Patient is a 57-year-old male with chronic kidney disease stage IIIb, presented to ED by nephrologist’s request for concerns of elevated creatinine outpatient with nephrotic range proteinuria, microscopic hematuria, and complaints of foamy urine and nocturnal urinary frequency. Inpatient workup confirmed acute kidney injury with nephrotic range proteinuria. A 24-hour urine protein showed 12 grams proteinuria but negative serology and infectious workup. Serum electrophoresis showed IgM monoclonal gammopathy with urine electrophoresis having a biclonal IgG Kappa, without urinary free light chains. Renal biopsy showed membranoproliferative glomerulonephritis with monoclonal IgG1 Kappa deposits, representing type I cryoglobulinemic glomerulonephritis or proliferative glomerulonephritis with monoclonal immune deposition (PGMID). Bone marrow biopsy showed occasional CD138+ plasma cells at 4%, excluding multiple myeloma without clonal B cell or plasma cell population.

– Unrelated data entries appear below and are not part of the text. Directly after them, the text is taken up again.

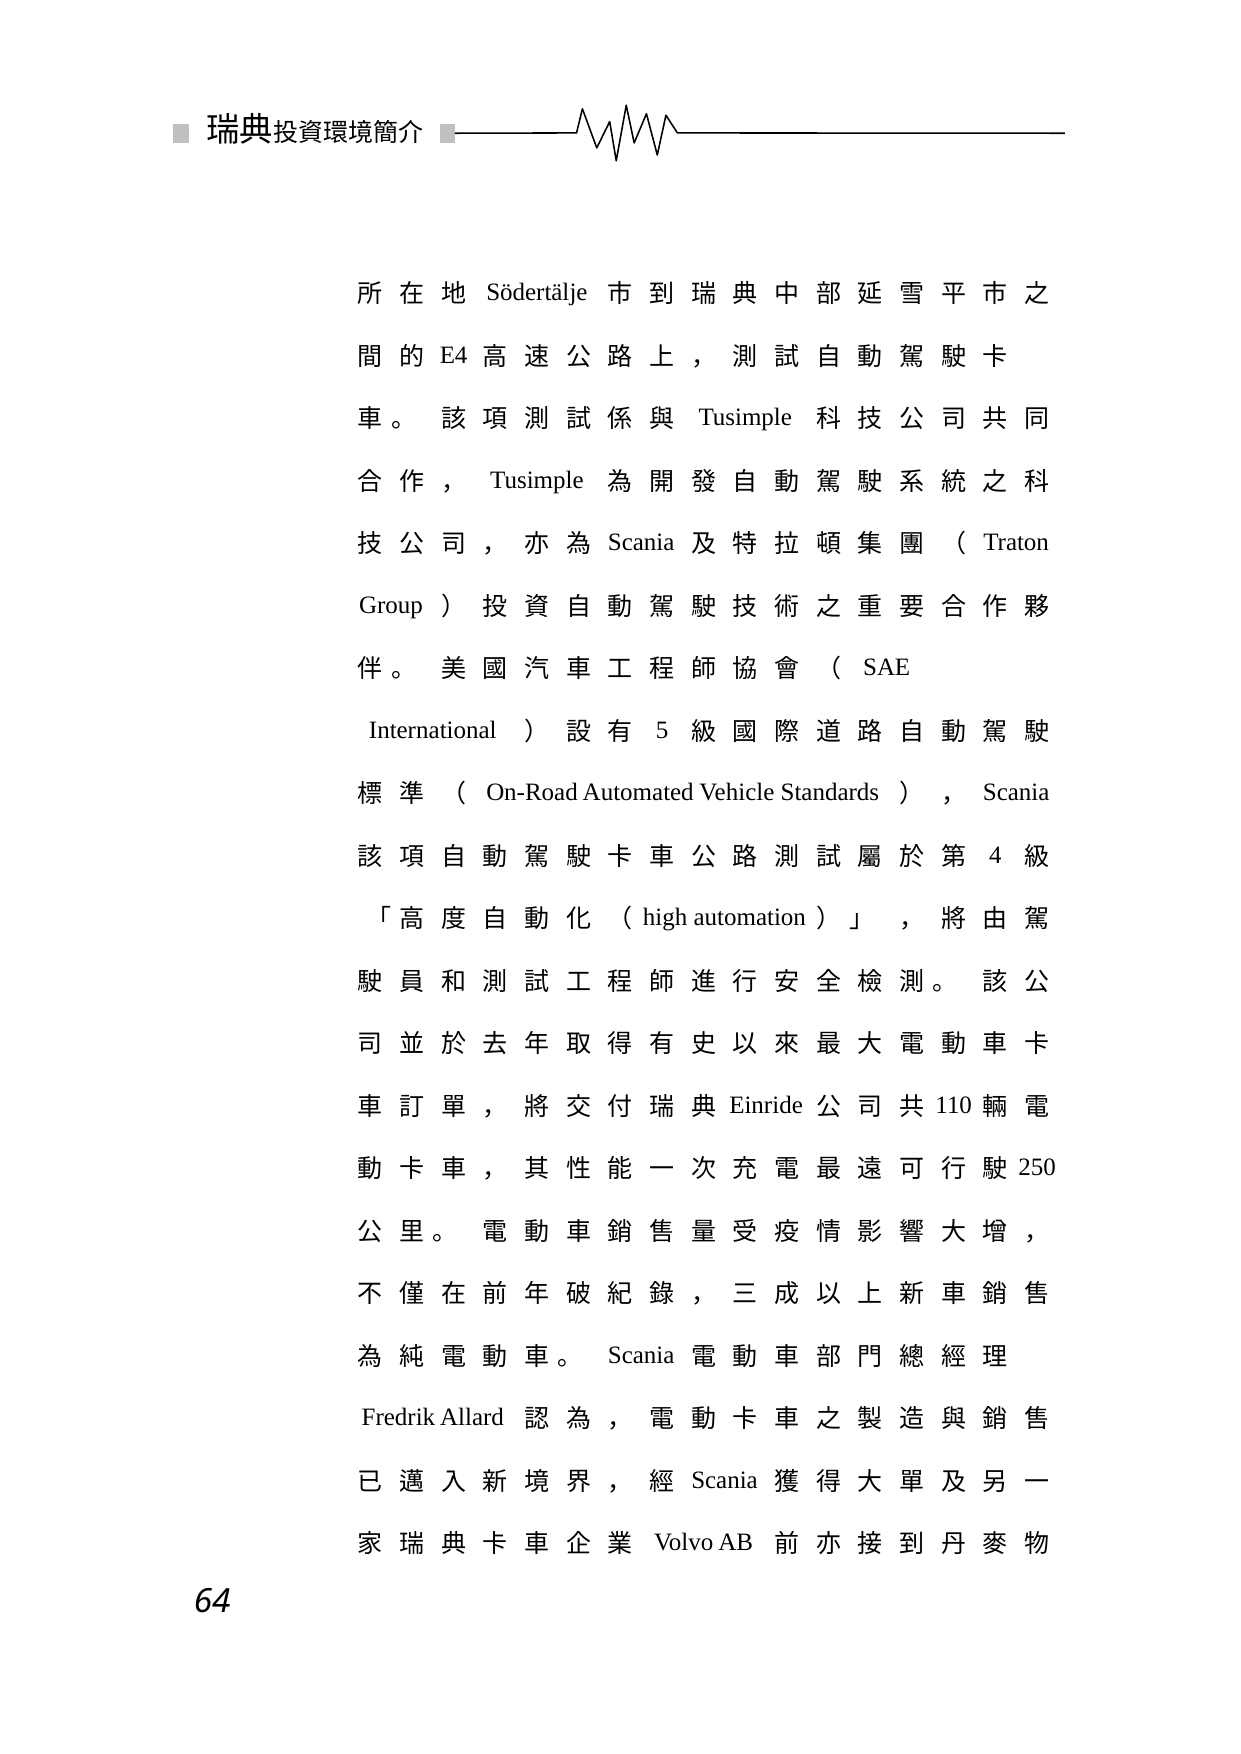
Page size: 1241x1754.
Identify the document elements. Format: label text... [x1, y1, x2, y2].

text 所在地Södertälje市到瑞典中部延雪平市之間的E4高速公路上，測試自動駕駛卡車。該項測試係與Tusimple科技公司共同合作，Tusimple為開發自動駕駛系統之科技公司，亦為Scania及特拉頓集團（Traton Group）投資自動駕駛技術之重要合作夥伴。美國汽車工程師協會（SAE International）設有5級國際道路自動駕駛標準（On-Road Automated Vehicle Standards），Scania該項自動駕駛卡車公路測試屬於第4級「高度自動化（high automation）」，將由駕駛員和測試工程師進行安全檢測。該公司並於去年取得有史以來最大電動車卡車訂單，將交付瑞典Einride公司共110輛電動卡車，其性能一次充電最遠可行駛250公里。電動車銷售量受疫情影響大增，不僅在前年破紀錄，三成以上新車銷售為純電動車。Scania電動車部門總經理Fredrik Allard認為，電動卡車之製造與銷售已邁入新境界，經Scania獲得大單及另一家瑞典卡車企業Volvo AB前亦接到丹麥物 [330, 250, 1058, 1563]
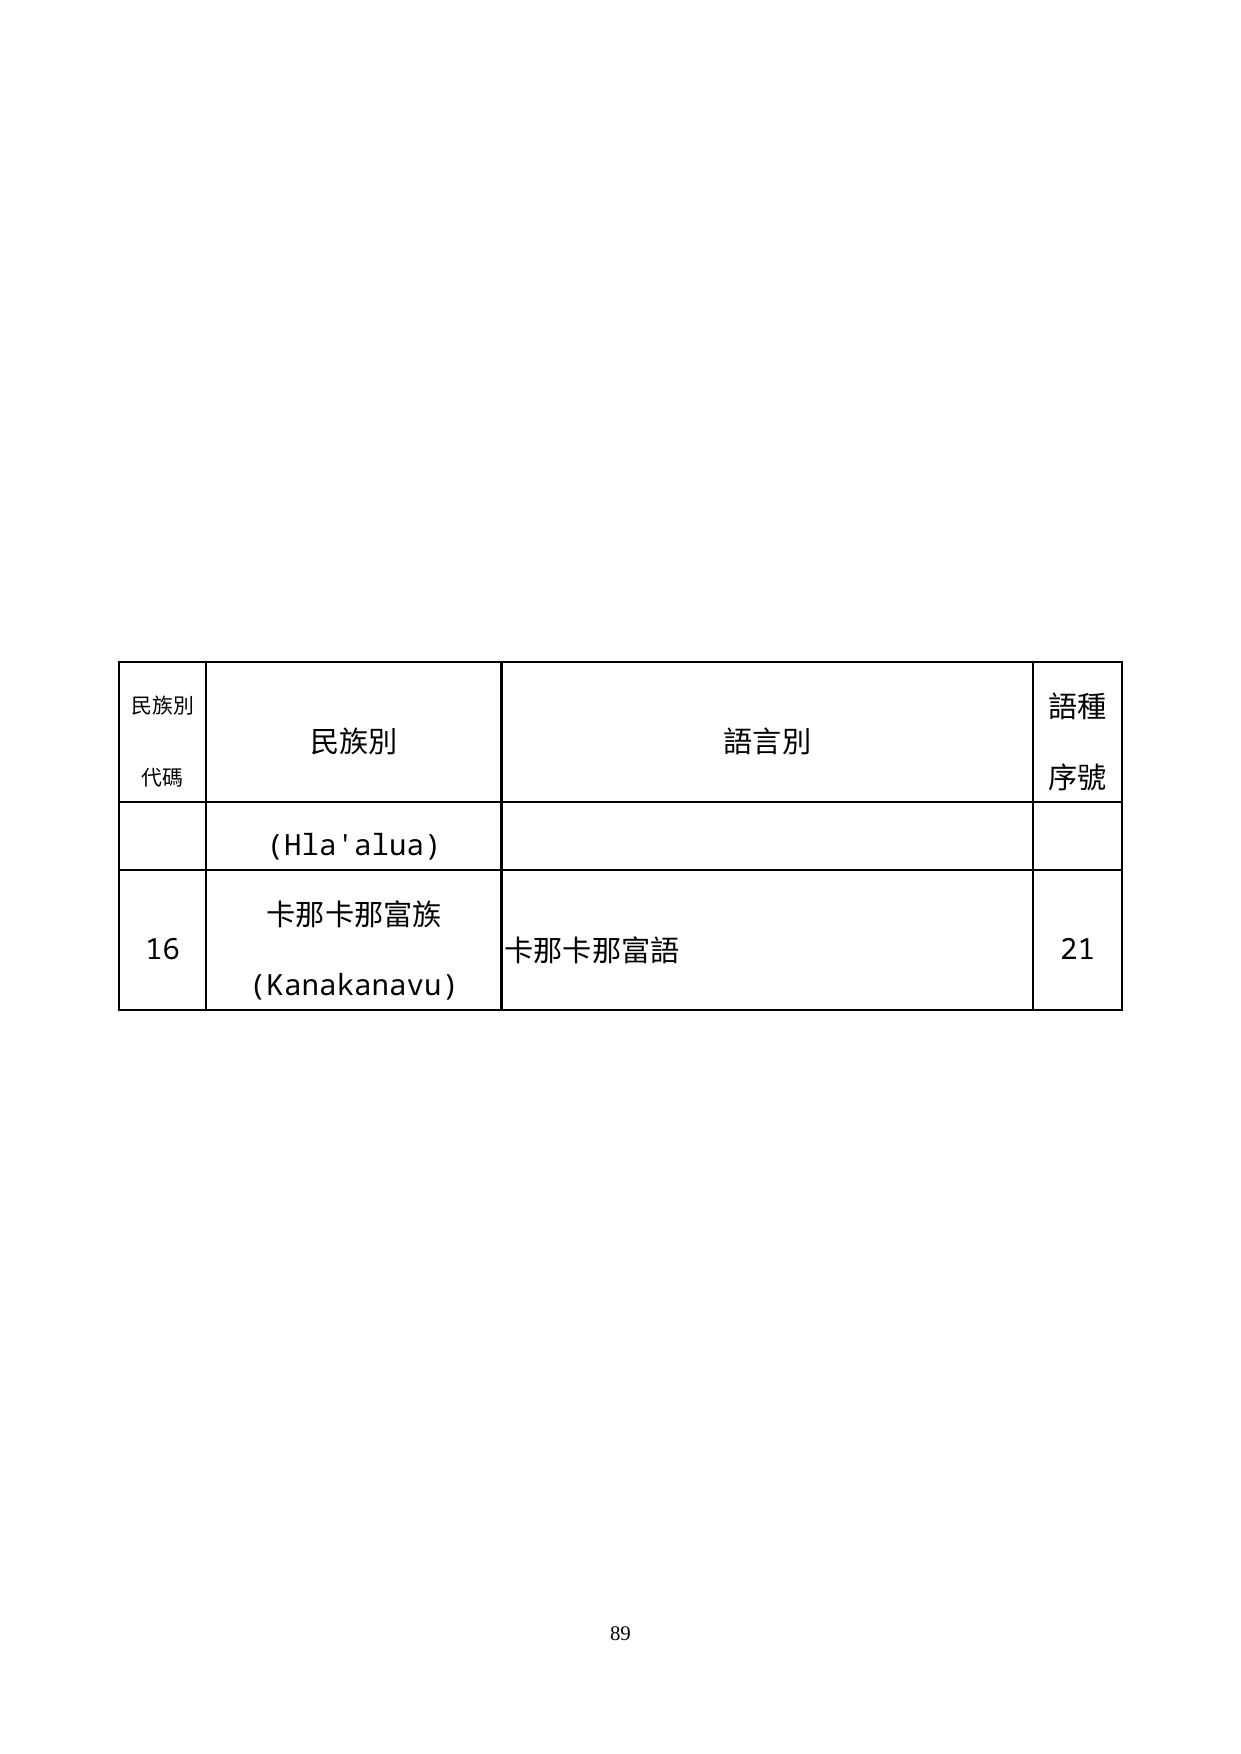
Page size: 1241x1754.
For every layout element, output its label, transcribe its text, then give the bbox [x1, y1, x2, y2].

table_cell [1034, 803, 1121, 869]
table_cell 16 [120, 871, 205, 1009]
table_header 語言別 [503, 663, 1032, 801]
table_cell [503, 803, 1032, 869]
table_cell [120, 803, 205, 869]
table_cell 21 [1034, 871, 1121, 1009]
table_cell 卡那卡那富族 (Kanakanavu) [207, 871, 500, 1009]
table_cell (Hla'alua) [207, 803, 500, 869]
table_cell 卡那卡那富語 [503, 871, 1032, 1009]
table_header 語種 序號 [1034, 663, 1121, 801]
table_header 民族別 [207, 663, 500, 801]
table_header 民族別代碼 [120, 663, 205, 801]
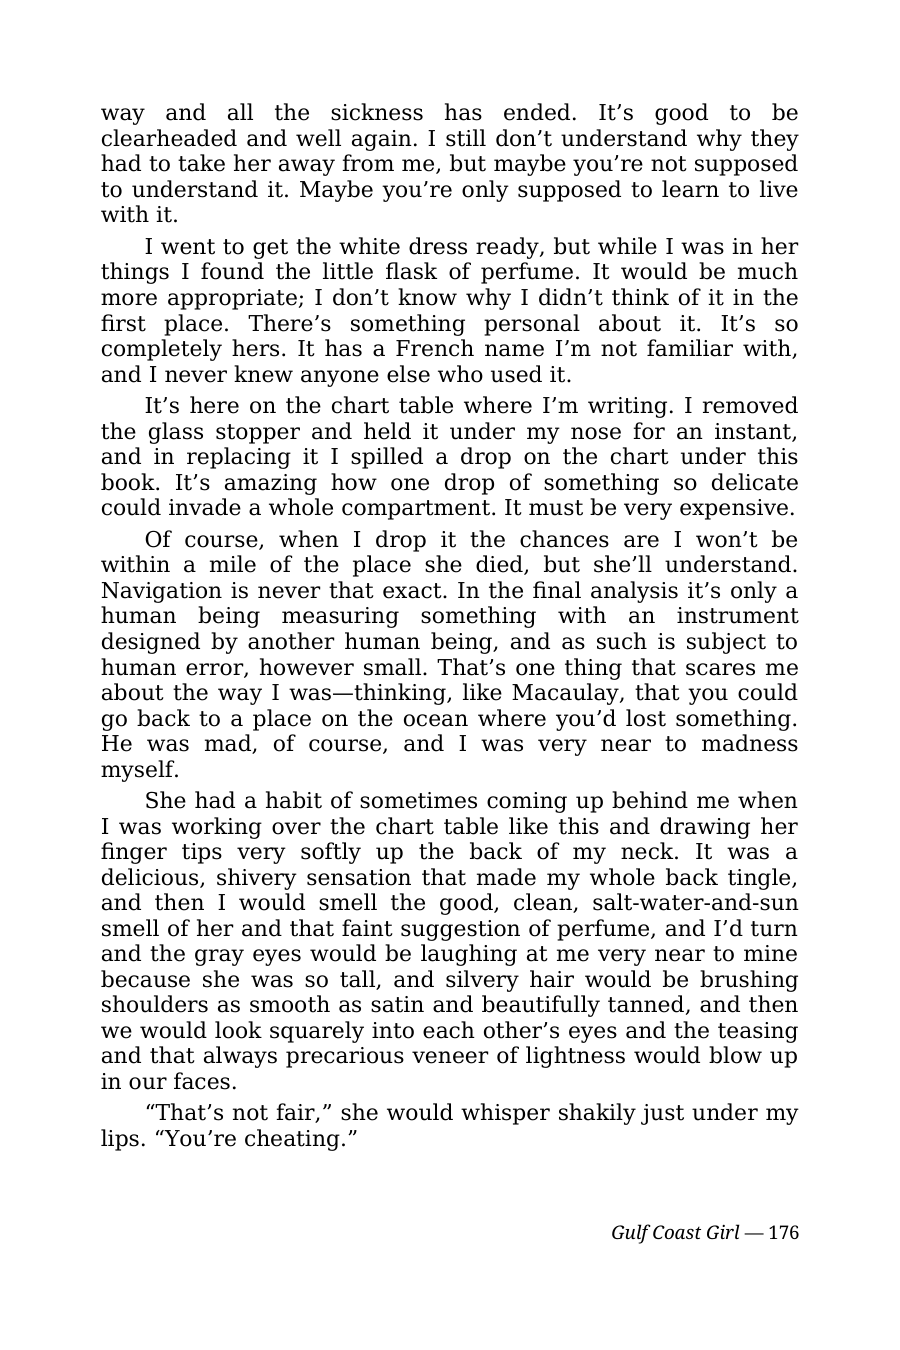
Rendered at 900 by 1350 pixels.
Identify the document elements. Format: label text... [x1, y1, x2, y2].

text Of course, when I drop it the chances are I won’t be within a mile of the place she died, but she’ll understand. Navigation is never that exact. In the final analysis it’s only a human being measuring something with an instrument designed by another human being, and as such is subject to human error, however small. That’s one thing that scares me about the way I was—thinking, like Macaulay, that you could go back to a place on the ocean where you’d lost something. He was mad, of course, and I was very near to madness myself. [101, 527, 799, 782]
text It’s here on the chart table where I’m writing. I removed the glass stopper and held it under my nose for an instant, and in replacing it I spilled a drop on the chart under this book. It’s amazing how one drop of something so delicate could invade a whole compartment. It must be very expensive. [101, 393, 799, 521]
text She had a habit of sometimes coming up behind me when I was working over the chart table like this and drawing her finger tips very softly up the back of my neck. It was a delicious, shivery sensation that made my whole back tingle, and then I would smell the good, clean, salt-water-and-sun smell of her and that faint suggestion of perfume, and I’d turn and the gray eyes would be laughing at me very near to mine because she was so tall, and silvery hair would be brushing shoulders as smooth as satin and beautifully tanned, and then we would look squarely into each other’s eyes and the teasing and that always precarious veneer of lightness would blow up in our faces. [101, 788, 799, 1094]
text I went to get the white dress ready, but while I was in her things I found the little flask of perfume. It would be much more appropriate; I don’t know why I didn’t think of it in the first place. There’s something personal about it. It’s so completely hers. It has a French name I’m not familiar with, and I never knew anyone else who used it. [101, 234, 799, 387]
text way and all the sickness has ended. It’s good to be clearheaded and well again. I still don’t understand why they had to take her away from me, but maybe you’re not supposed to understand it. Maybe you’re only supposed to learn to live with it. [101, 101, 799, 228]
text “That’s not fair,” she would whisper shakily just under my lips. “You’re cheating.” [101, 1101, 799, 1152]

Patient completed Rituximab 375mg/m2 weekly with prednisone 40mg daily and improvement of creatinine and proteinuria.

DISCUSSION

MGRS is a type of monoclonal gammopathy (MG) that causes renal end-organ damage but is not associated with malignancy (9, 10). Previously, it was difficult to diagnosis due to other MGs types having similar presentations but without end-organ damage, such as monoclonal gammopathy of undetermined significance (MGUS) (1, 4, 9, 10). Treatment is often delayed due to the unclear diagnosis. However, given poor renal outcomes, treatment options have been researched (5, 8). Current data (2, 5, 6) indicates therapy should target underlying plasma cell and/or B cell clones. Therapy options targeting plasma cells include bortezomib, cyclophosphamide, and dexamethasone MC, daratumumab-based therapy, and lenalidomide (2). Therapy targeting B cells include rituximab. Our case is an example, highlighting importance of early diagnosis and treatment with rituximab.